Melting process of metal 3D printing powder bed

Melting process of metal 3D printing powder bed

Common processes: DMLS (direct metal laser sintering), SLM (selective laser melting) and EBM (electron beam melting)

Description: metal parts produced by PBF melting technology can reduce residual stress and internal defects, making it an ideal choice for harsh applications in aerospace and automotive industries.

1.Direct metal laser sintering (DMLS): it can be used to build almost any metal alloy object. Direct metal laser sintering spreads a very thin layer of metal powder on the surface to be printed. The laser passes slowly and steadily through the surface to sinter the powder, and the inner particles of the metal fuse together, even if they are not heated to a fully molten state. An additional layer of powder is then applied and sintered to “print” one cross-section of the object at a time. After printing, the object will cool slowly, and the excess powder can be recycled from the construction room and recycled. The main advantage of DMLS is that it produces objects without residual stress and internal defects, which is very important for metal parts under high stress (such as aerospace or automotive parts), and the main disadvantage is very expensive.

2.Selective laser melting (SLM): use high-power laser to completely melt each layer of metal powder, not just sintering, so that the printed object is very dense and solid. At present, this process can only be used for certain metals, such as stainless steel, tool steel, titanium, cobalt chromium alloy and aluminum. The high temperature gradient during SLM manufacturing will also lead to stress and dislocation in the final product, which will damage the physical properties.

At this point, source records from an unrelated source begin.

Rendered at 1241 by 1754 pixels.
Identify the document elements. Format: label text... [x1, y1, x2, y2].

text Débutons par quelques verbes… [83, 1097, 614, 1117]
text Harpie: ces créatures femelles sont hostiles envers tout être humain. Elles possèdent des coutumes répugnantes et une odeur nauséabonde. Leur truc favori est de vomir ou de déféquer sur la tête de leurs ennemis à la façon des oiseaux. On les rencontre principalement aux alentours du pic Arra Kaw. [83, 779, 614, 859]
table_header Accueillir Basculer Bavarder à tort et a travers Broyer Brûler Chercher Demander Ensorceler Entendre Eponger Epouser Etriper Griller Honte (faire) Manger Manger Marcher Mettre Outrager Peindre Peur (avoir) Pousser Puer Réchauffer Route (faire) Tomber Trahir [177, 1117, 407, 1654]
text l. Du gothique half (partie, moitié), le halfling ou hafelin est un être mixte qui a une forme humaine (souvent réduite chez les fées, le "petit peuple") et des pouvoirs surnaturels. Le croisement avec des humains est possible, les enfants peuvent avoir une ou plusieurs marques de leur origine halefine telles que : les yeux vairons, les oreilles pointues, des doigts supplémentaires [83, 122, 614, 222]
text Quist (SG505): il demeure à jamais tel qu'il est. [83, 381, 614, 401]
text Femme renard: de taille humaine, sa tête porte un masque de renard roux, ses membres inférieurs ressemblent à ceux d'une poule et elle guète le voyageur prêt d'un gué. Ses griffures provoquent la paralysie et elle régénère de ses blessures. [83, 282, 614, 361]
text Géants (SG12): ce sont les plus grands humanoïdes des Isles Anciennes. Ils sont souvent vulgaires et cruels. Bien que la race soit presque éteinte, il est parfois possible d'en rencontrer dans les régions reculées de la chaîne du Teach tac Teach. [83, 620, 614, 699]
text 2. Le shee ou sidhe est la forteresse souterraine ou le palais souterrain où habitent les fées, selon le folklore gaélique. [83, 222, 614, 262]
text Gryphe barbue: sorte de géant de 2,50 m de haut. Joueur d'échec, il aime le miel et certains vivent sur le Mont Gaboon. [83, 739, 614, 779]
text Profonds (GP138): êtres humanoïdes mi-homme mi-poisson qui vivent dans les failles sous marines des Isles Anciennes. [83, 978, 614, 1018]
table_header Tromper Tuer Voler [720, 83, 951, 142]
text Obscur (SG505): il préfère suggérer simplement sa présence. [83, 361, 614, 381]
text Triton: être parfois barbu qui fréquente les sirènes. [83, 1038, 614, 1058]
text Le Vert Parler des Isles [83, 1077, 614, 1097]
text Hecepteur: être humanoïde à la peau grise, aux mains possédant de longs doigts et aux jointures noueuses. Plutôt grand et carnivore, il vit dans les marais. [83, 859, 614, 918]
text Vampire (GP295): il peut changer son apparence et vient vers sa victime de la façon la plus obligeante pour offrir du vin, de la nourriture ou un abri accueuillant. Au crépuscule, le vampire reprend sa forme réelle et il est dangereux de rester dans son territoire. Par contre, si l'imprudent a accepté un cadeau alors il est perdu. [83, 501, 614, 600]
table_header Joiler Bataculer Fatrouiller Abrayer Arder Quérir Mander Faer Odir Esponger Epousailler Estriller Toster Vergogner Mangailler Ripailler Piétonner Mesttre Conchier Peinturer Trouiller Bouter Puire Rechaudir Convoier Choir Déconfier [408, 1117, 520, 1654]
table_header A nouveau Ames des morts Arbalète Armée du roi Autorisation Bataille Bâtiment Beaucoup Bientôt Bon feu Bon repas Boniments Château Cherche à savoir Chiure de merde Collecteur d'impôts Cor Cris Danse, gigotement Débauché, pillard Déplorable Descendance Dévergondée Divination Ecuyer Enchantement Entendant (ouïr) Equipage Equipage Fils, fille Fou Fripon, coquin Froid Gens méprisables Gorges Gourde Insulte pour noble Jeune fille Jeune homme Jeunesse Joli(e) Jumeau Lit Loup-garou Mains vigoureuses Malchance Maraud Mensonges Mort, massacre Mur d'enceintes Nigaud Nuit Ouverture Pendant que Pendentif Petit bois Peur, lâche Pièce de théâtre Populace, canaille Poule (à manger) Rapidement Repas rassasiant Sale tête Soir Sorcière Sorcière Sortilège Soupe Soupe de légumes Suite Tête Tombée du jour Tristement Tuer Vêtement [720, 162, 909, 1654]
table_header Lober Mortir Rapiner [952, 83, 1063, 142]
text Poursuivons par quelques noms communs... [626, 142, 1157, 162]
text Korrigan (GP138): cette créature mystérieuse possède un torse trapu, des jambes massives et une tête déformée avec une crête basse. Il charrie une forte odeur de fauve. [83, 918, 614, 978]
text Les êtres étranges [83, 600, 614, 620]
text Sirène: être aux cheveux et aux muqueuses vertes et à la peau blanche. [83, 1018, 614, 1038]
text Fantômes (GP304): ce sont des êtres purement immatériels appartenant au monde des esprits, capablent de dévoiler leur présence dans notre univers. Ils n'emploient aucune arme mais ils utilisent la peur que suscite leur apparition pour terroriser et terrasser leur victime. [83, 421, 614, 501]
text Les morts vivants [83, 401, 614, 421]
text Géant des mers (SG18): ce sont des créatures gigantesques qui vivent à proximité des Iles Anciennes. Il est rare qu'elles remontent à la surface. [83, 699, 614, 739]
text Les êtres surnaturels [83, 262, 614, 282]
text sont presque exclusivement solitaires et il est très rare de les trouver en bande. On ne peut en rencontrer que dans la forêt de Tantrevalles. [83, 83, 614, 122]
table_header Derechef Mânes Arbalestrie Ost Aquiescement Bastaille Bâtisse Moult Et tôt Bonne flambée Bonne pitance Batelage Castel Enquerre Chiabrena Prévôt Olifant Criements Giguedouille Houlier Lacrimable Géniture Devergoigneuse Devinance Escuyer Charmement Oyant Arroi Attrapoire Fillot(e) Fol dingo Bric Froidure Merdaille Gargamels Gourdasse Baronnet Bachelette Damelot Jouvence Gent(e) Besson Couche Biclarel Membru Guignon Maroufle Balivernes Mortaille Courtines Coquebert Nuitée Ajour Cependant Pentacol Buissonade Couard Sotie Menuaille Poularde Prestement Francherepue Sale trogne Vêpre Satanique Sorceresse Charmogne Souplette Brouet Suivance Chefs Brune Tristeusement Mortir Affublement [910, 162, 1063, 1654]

3.Electron beam melting (EBM): very similar to selective laser melting, it can produce dense metal structure. The difference between the two technologies is that EBM uses an electron beam instead of a laser to melt metal powder. At present, electron beam melting can only be used for a limited number of metals. Although cobalt chromium alloy can also be used, titanium alloy is still the main raw material of this process. This technology is mainly used to manufacture parts for the aerospace industry.
Technical advantages: it can manufacture almost any geometry with high precision. A wide range of metals are used, including the lightest titanium alloy and the strongest nickel superalloy, which are difficult to process by traditional manufacturing technology. Mechanical properties can be comparable to forged metal, and can be machined, coated and treated like traditional metal parts.

Technical disadvantages: high material, machinery and operation costs. The parts must be connected to the construction board through a support structure (to prevent warpage), which will generate waste and require manual post-treatment removal. The construction size is limited, and the metal powder treatment is dangerous, which requires strict process control.